Taking a break for biology, Tsim grabs lukewarm drinks for the three from a break room nearby. Tsim is pleasantly surprised that there even is a break room, much less one with a stocked vending machine. He was starting to think that this sector had been completely forgotten by anyone but time itself and there he found a vending machine with actual drinks in it. Unfortunately, with the environmental systems all still offline for the reboot, there’s not any chance that the drinks could possibly actually be at all cold. But liquid nourishment of a lukewarm sort is much better than horrible dehydration over the course of a whole shift without fluid intake.

Tsim does know all about fluid intakes and outtakes. And still pleasantly surprised at this change of fortune he double checks the expiration date on the drinks he snags from the vending machine.

Even the water has expired, and not remotely recently.

There are many risks that Tsim is willing and able to take. He’s climbed mountains in lower gravity with snow falling all around. He’s gone hang gliding on a higher gravity world with dense atmosphere thick with cloyingly sweet smelling fog. He’s even stepped into a fighting simulator ring with a robotic opponent with the holographic safety weapons exchanged illegally for the real thing.

That last cost him a few broken bones and a very expensive replacement metal ankle, but the thrill was worth the pain to him at the time. And he did win. After all, Tsim does not give up easily. Expired water seems like a minimal risk item. Expired sugary berry flavored carbonated drink does not seem like as small of a risk. Even if it has not actually fermented and does not actually contain horrible sepsis causing bacteria, it probably does not taste very good any more. That is reason enough to discard the tin bottle directly into the recycling chute.

Surprised by a sudden thought, Tsim peeks down into the chute after the bottle, illuminating it with his still-useful headlamp.

The chute is clear, still functioning, and not, as he would have expected, clogged with debris.

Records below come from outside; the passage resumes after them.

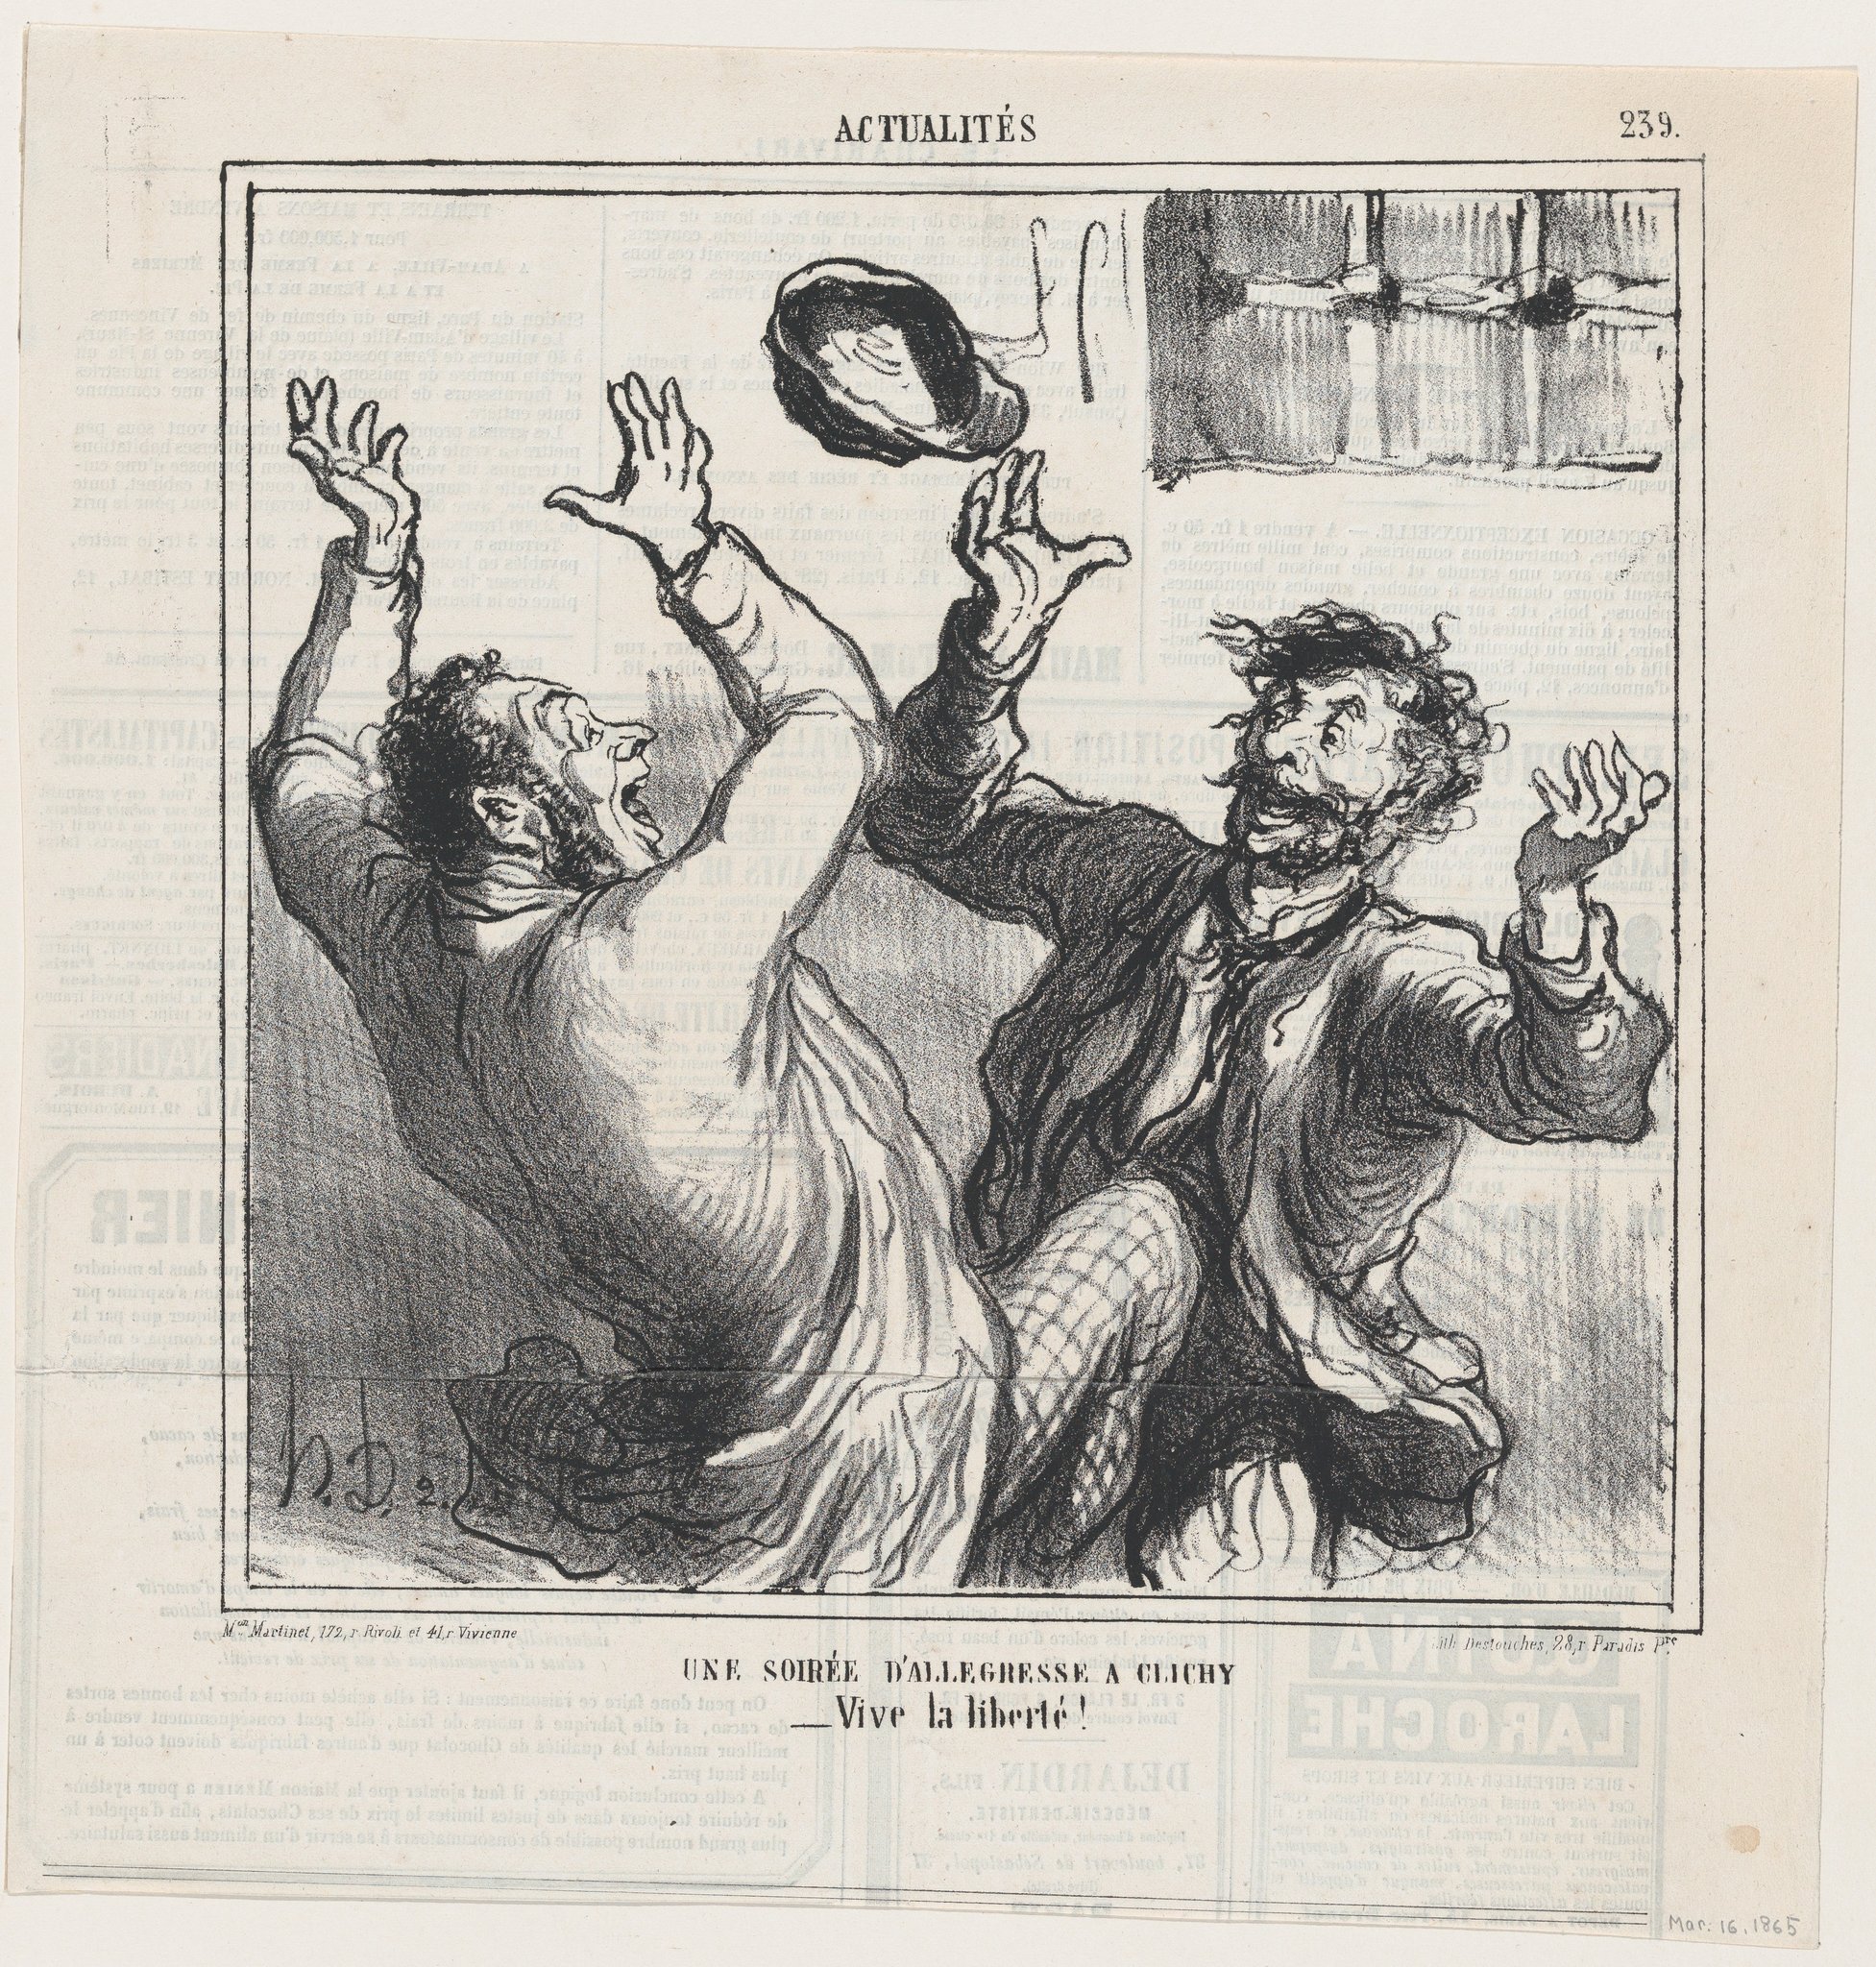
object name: print
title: A happy evening party in Clichy, from 'News of the day,' published in Le Charivari, March 16, 1865
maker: honoré daumier
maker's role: artist
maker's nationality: french
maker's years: 1808-1879
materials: paper
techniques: lithograph
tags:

Tsim sticks a hand into the chute.

Tsim feels a gentle breeze as the automatic pneumatic functions detect an object entering the waste disposal chute. The breeze increases in intensity as it automatically works to clear the object away from the sensor pinging an obstruction of the chute’s doorway. Tsim retracts his hand.

Something has started working.

It might not be an important something, but it is something.

Tsim grabs more expired water and then runs to spread the good news.